コインベースが米SECと情報公開訴訟で和解、15万ドルの弁護士費用支払いや記録管理見直しで合意

コインベースが米SECと情報公開訴訟で和解、15万ドルの弁護士費用支払いや記録管理見直しで合意

米暗号資産取引大手のコインベースは、情報公開法(FOIA)に基づく訴訟において米証券取引委員会(SEC)と和解に達しました。SECは弁護士費用として15万ドルを支払うほか、非公開文書の開示やテキストメッセージを含む記録保持ポリシーの見直しに同意しています。ゲンスラー前委員長時代の幹部メッセージが喪失していた問題を発端とする今回の和解は、行政機関の透明性確保や権限逸脱の抑制において重要な意味を持つと見られます。

SECとコインベースの和解内容とこれまでの経緯

コインベースが米SECと情報公開訴訟で和解、15万ドルの弁護士費用支払いや記録管理見直しで合意

コインベースの最高法務責任者であるポール・グリウォール氏がウォール・ストリート・ジャーナル(WSJ)への寄稿で明らかにした内容によると、同社は情報公開法(FOIA:行政機関が保有する公文書の開示を求める米国の法律)に基づく訴訟でSECと和解しました。

和解の条件として、SECはコインベースが委託したコンサルタント会社ヒストリー・アソシエイツへの弁護士費用として15万ドルを支払うことに合意しました。グリウォール氏によれば、この支払額はSECの情報公開法関連の賠償として過去最大規模の一つにあたるとされています。さらにSECは、これまで非公開としてきた文書2点の開示と、テキストメッセージを含む記録保持ポリシーの見直しにも合意しました。

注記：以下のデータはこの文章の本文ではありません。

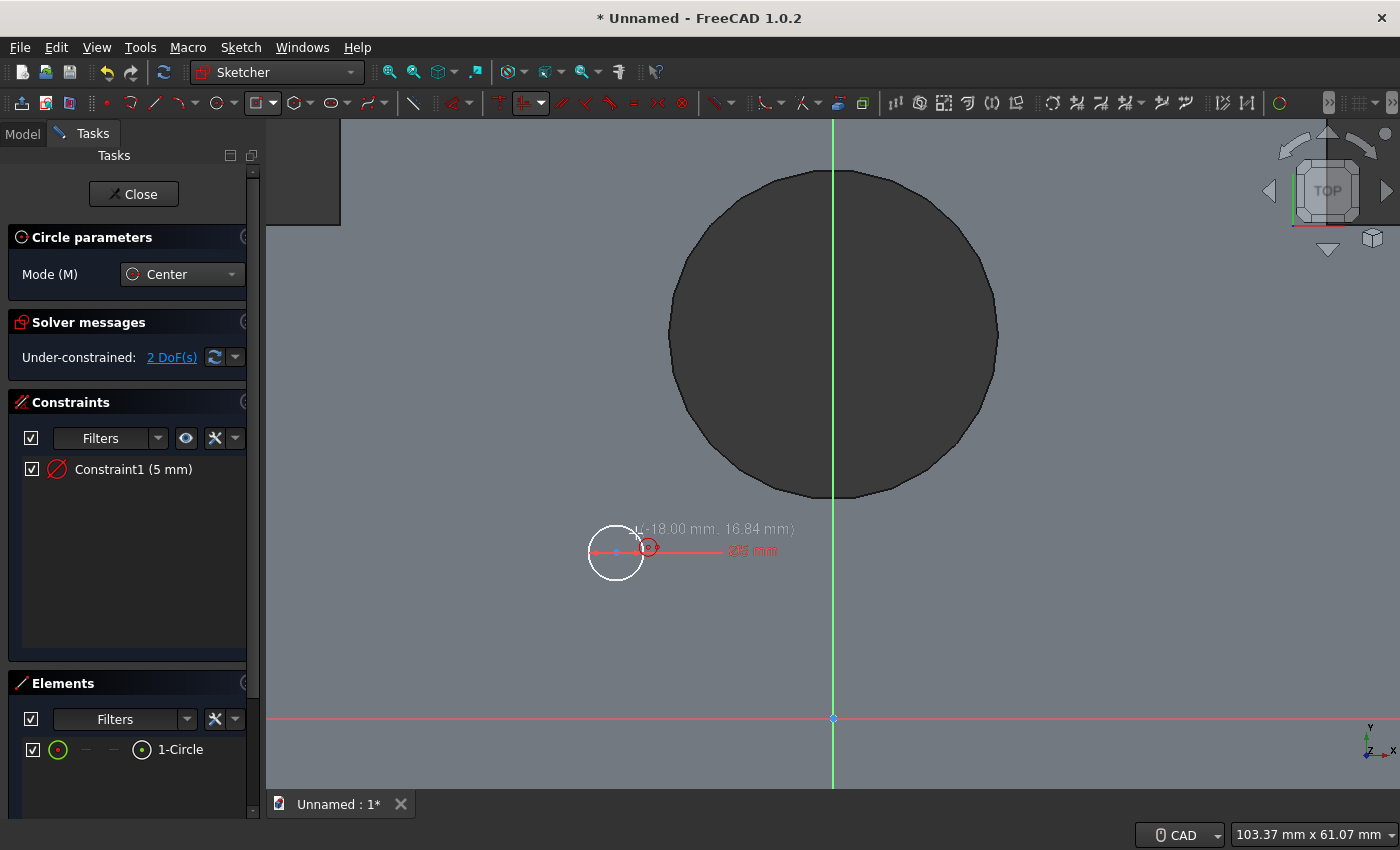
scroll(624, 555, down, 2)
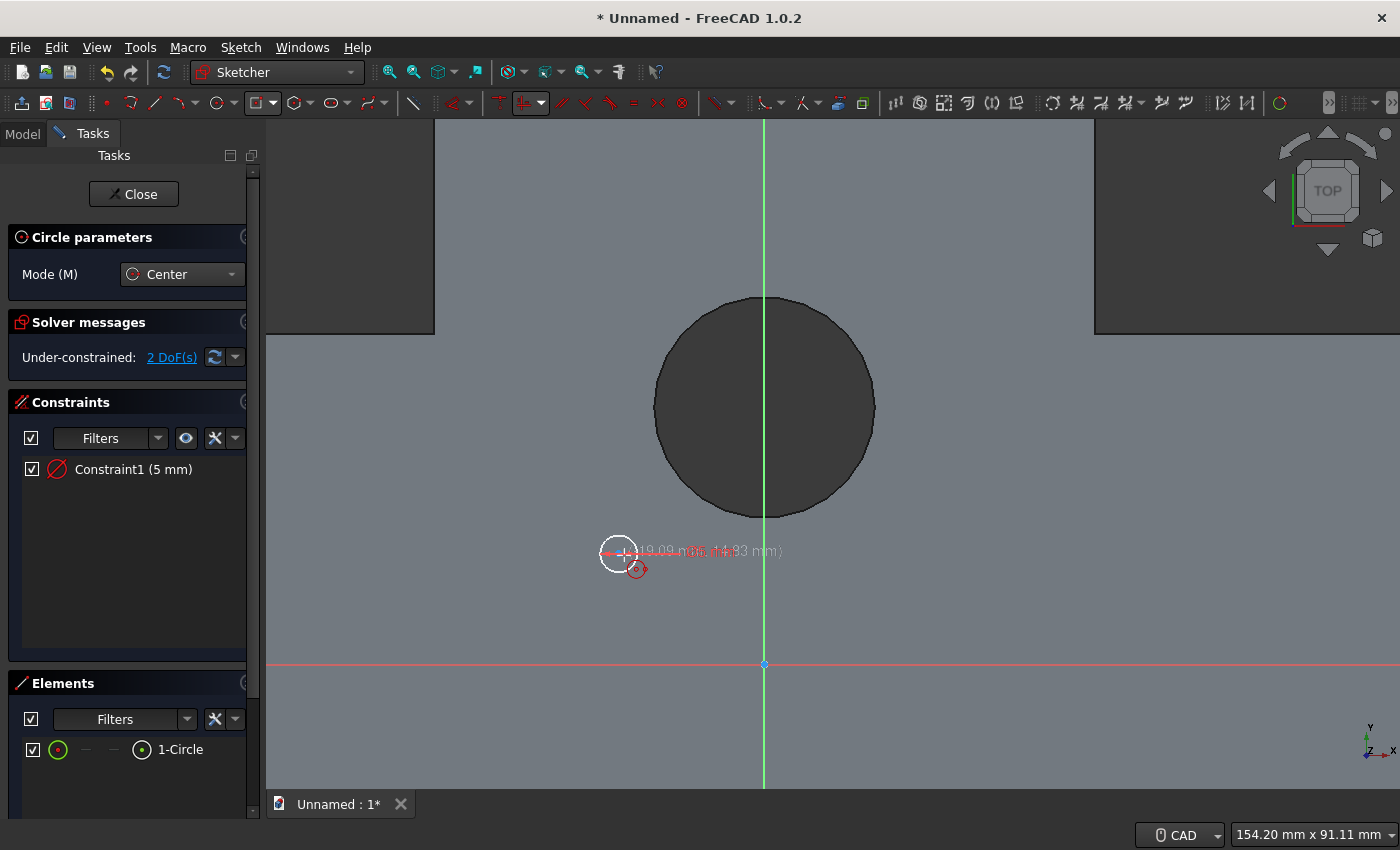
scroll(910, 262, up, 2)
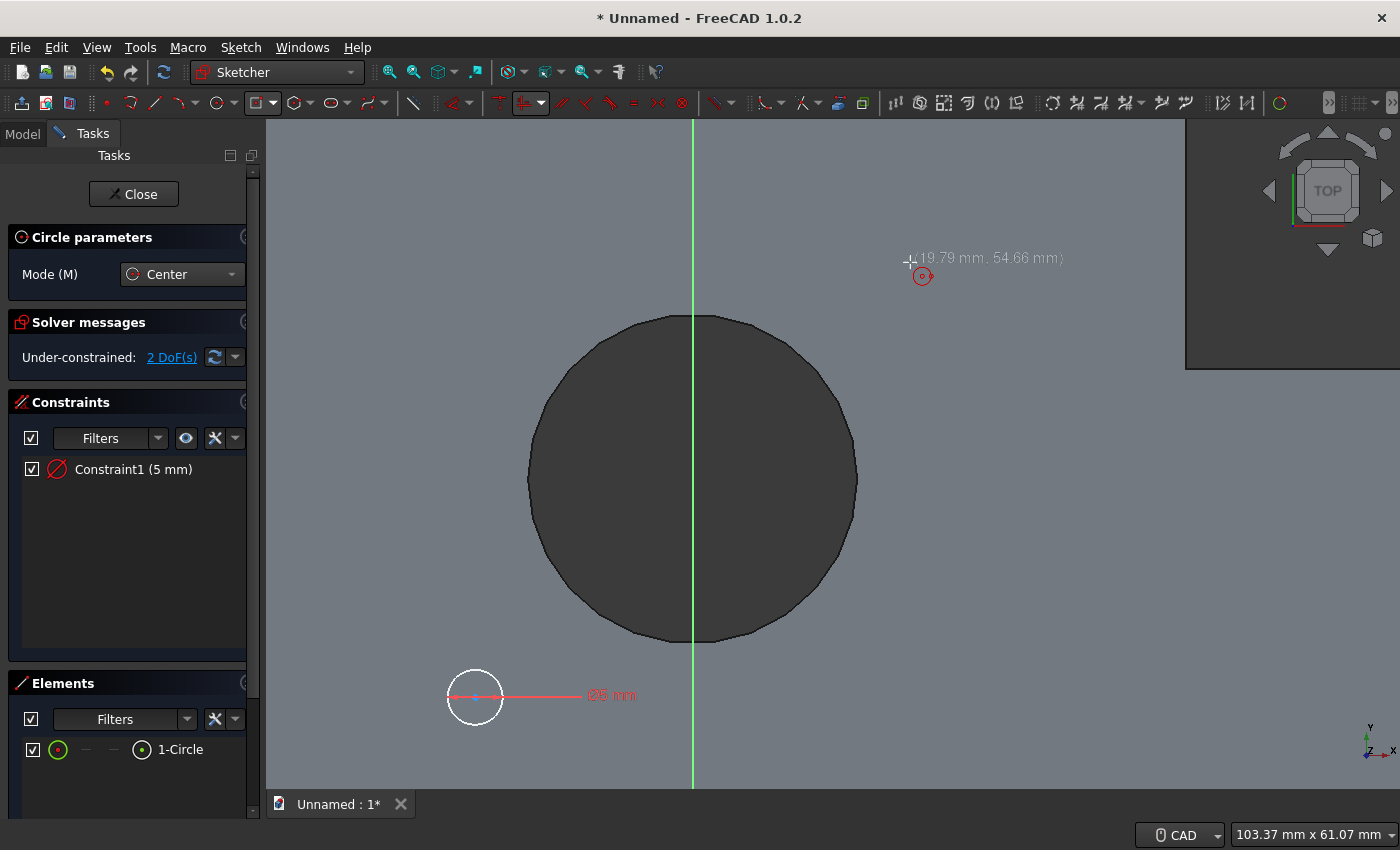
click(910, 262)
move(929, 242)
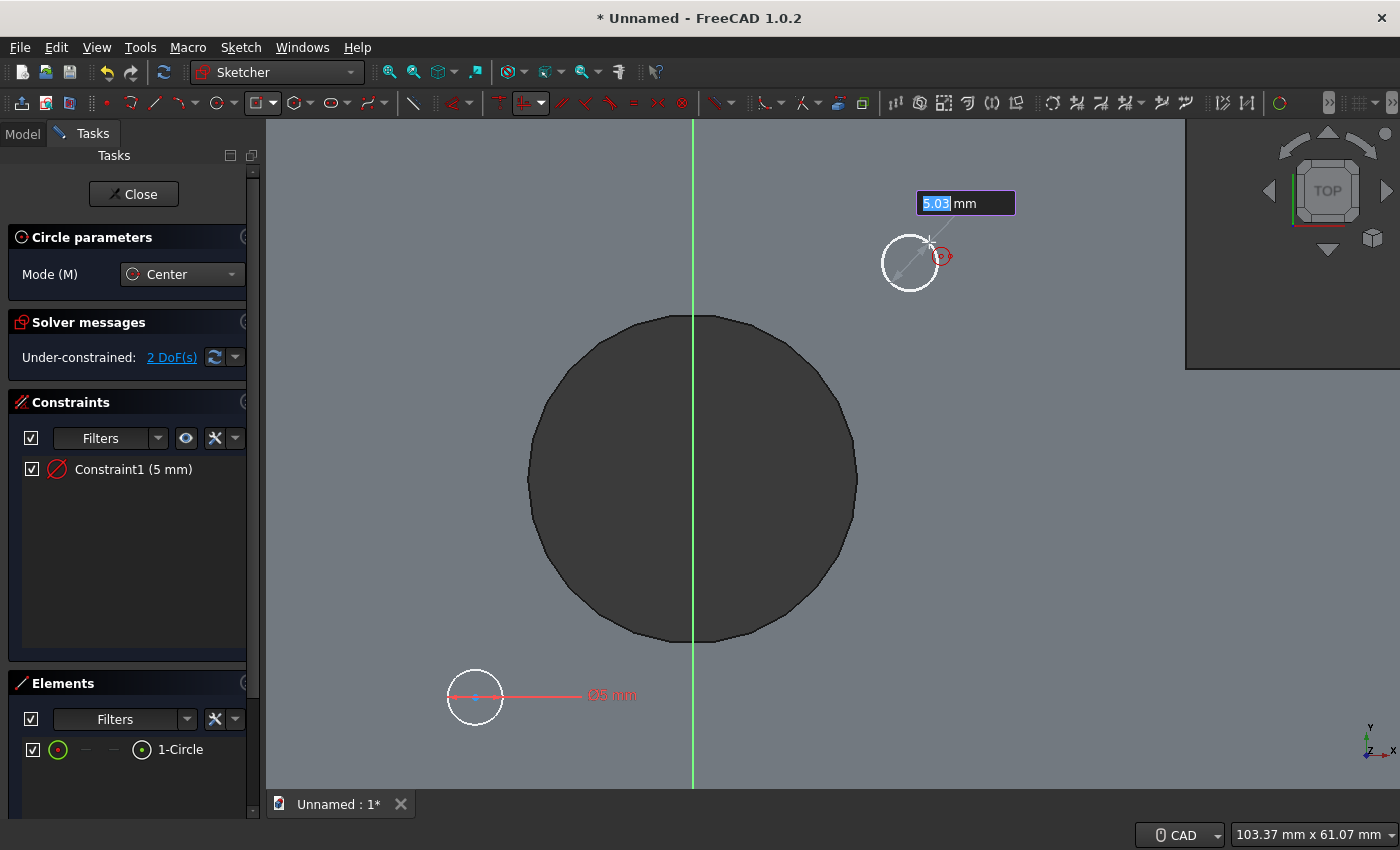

本訴訟は2024年、コインベースが情報公開請求に応じなかったSECを相手取って起こしたものです。訴訟の焦点となったのは、暗号資産への規制が強まっていた時期における、ゲーリー・ゲンスラー前SEC委員長ら幹部のテキストメッセージがほぼ1年分にわたって失われていた問題でした。SEC側はデータが自動削除されたと説明していましたが、グリウォール氏はこれを批判していました。

ゲンスラー体制下の規制圧力と記録保持の課題

ゲンスラー氏が委員長を務めた2021年4月から2025年1月までの期間、SECは暗号資産企業に対して100件以上の法的措置を講じ、数十億ドルの制裁金を課してきました。コインベース自身もこの時期、証券登録義務違反を理由にSECから提訴された企業の一つです。

同体制下のSECは、民間金融機関の記録管理の失態に対して数十億ドル規模の制裁金を徴収してきた経緯があります。そうした中で行政機関自体の重要記録が不適切に処理されていた点が問題視されました。

なお、コインベースは2026年2月にも、別の情報公開訴訟で米連邦預金保険公社(FDIC)と和解しています。FDICは2022年3月から2023年5月にかけて、約24行の銀行に対して暗号資産関連業務の一時停止を求める書簡を送付していたものの、2023年にはその事実を否定していました。

行政の透明性向上と暗号資産業界への影響

今回の和解についてグリウォール氏は、SECやFDICが情報公開と記録保持の慣行を見直すことにより、行政機関が密室で権限を逸脱する余地が今後縮小することになると述べています。

暗号資産業界に対して強い規制圧力が加えられていた時期の行政手続や判断プロセスについて、情報公開を通じて開示を求めた今回の取り組みは、当局に対する監視機能を果たし、今後の規制運用の透明性と公正性を高めるきっかけになると見られます。

ポイント

  • SECが弁護士費用15万ドルの支払いや非公開文書2点の開示、記録保持ポリシーの見直しに同意し、コインベースと和解しました。
  • 暗号資産規制が強まった時期におけるゲンスラー前委員長ら幹部のテキストメッセージが約1年分喪失していた問題が訴訟の中心でした。
  • コインベースは2026年2月にも、暗号資産関連業務の一時停止書簡をめぐり米連邦預金保険公社(FDIC)と同様の情報公開訴訟で和解しています。
  • 規制当局による記録管理や情報公開の慣行が見直されることで、不透明な行政手続や権限逸脱を防ぐ効果が期待される点で注目されます。